[Dataset items]
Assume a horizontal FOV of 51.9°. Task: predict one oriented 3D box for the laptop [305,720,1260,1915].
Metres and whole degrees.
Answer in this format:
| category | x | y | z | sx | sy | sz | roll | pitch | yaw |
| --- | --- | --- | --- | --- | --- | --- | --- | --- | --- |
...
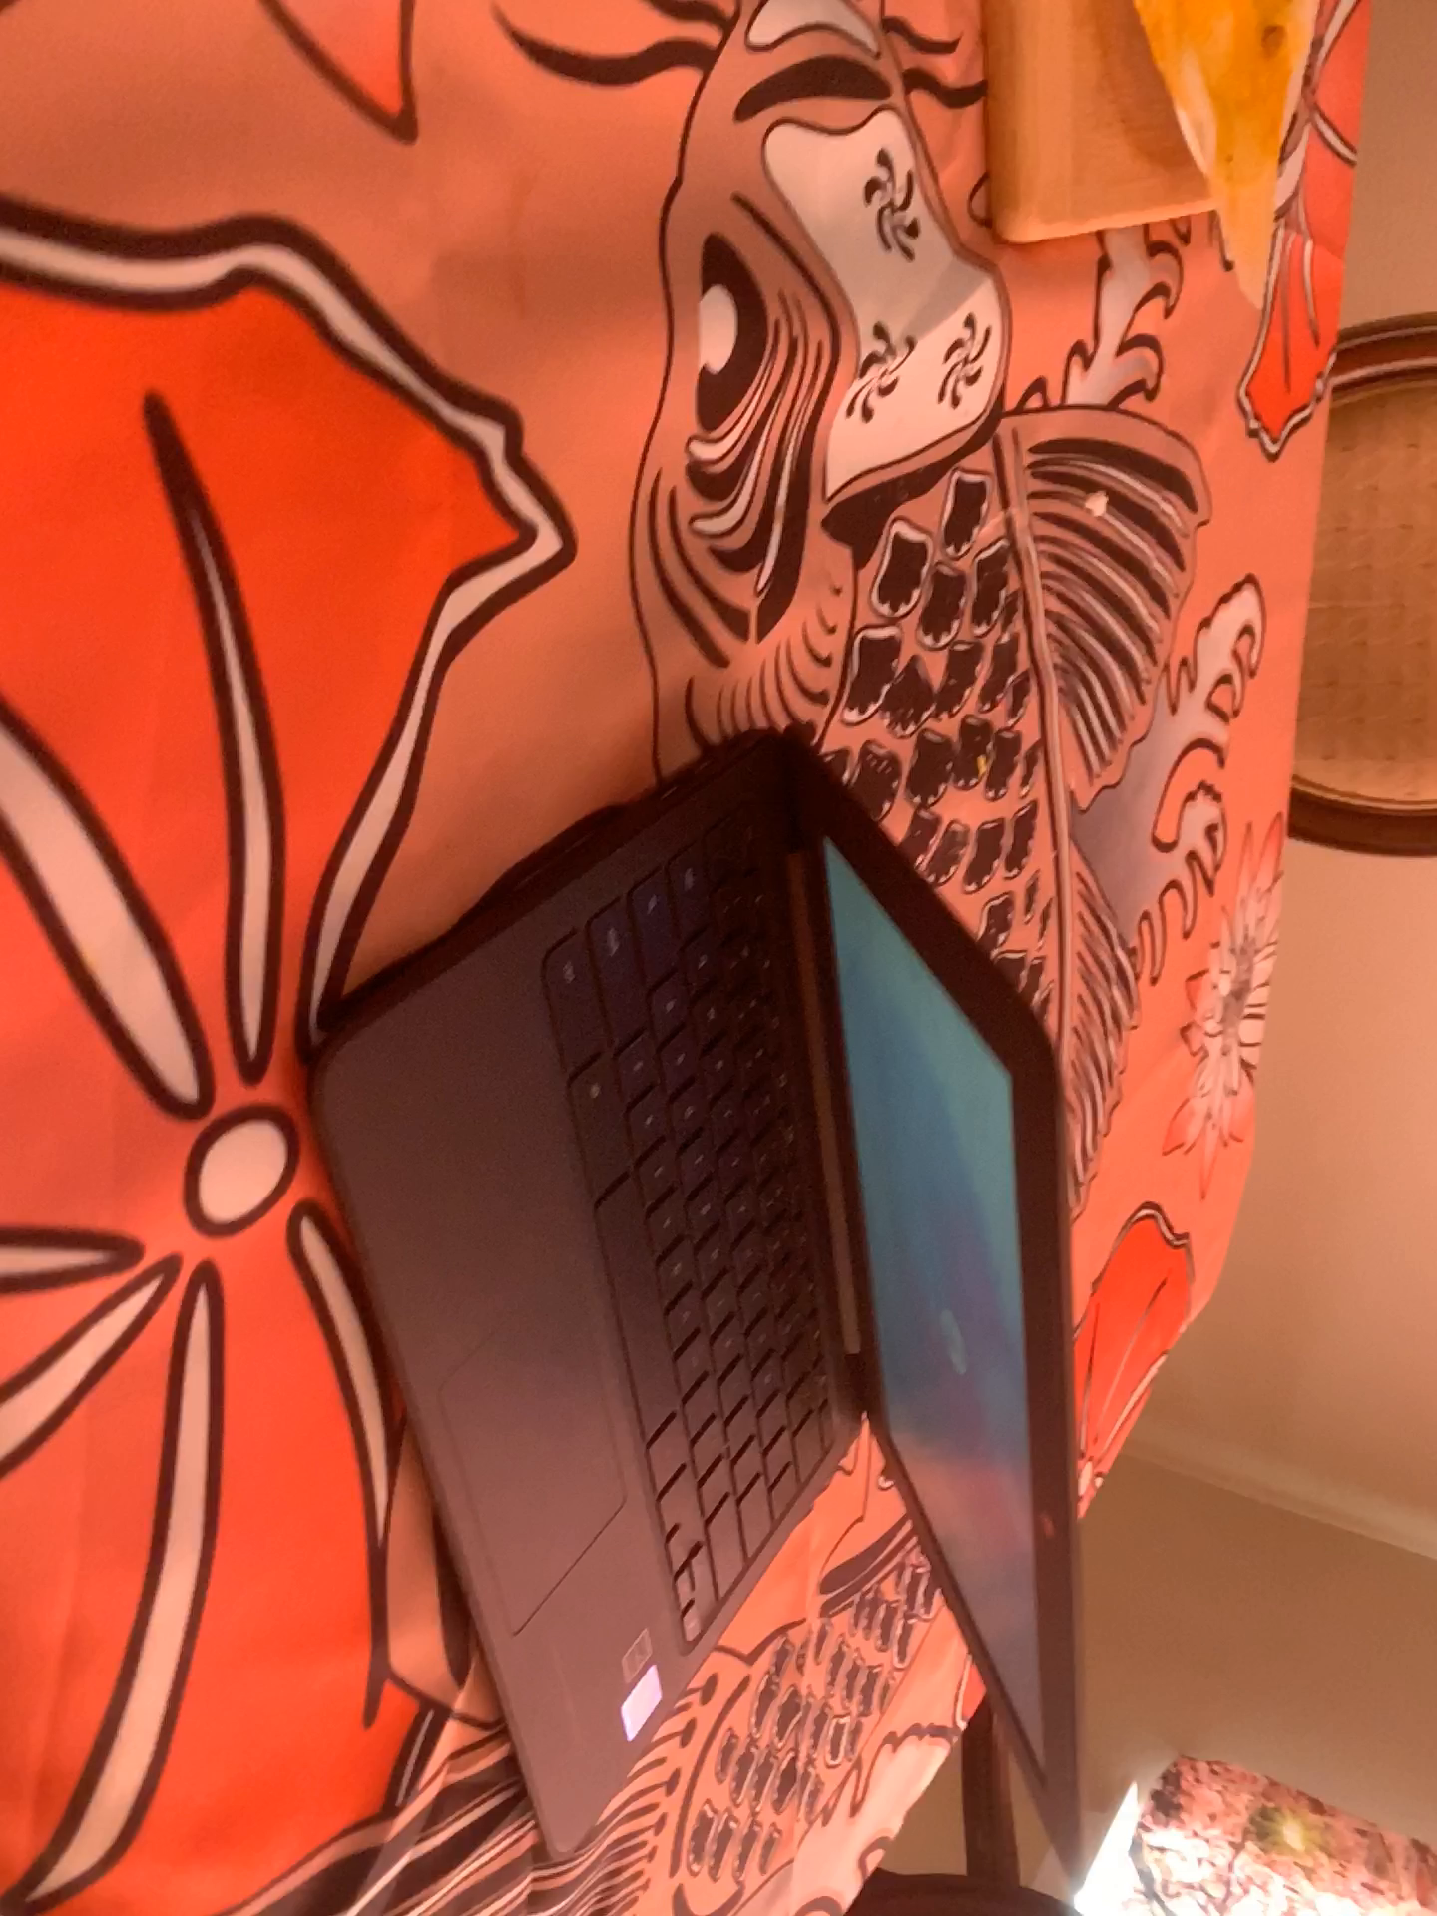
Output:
| category | x | y | z | sx | sy | sz | roll | pitch | yaw |
| --- | --- | --- | --- | --- | --- | --- | --- | --- | --- |
| laptop | 0.048 | 0.115 | 0.423 | 0.212 | 0.144 | 0.299 | -43 | 134 | -45 |

§ **TASK STATEMENT**
Please retype every record shown above, exactly as written, but without pictures.

§ **ANSWER TO THIS EXERCISE**
Assume a horizontal FOV of 51.9°. Task: predict one oriented 3D box for the laptop [305,720,1260,1915].
Metres and whole degrees.
Answer in this format:
| category | x | y | z | sx | sy | sz | roll | pitch | yaw |
| --- | --- | --- | --- | --- | --- | --- | --- | --- | --- |
...
Output:
| category | x | y | z | sx | sy | sz | roll | pitch | yaw |
| --- | --- | --- | --- | --- | --- | --- | --- | --- | --- |
| laptop | 0.048 | 0.115 | 0.423 | 0.212 | 0.144 | 0.299 | -43 | 134 | -45 |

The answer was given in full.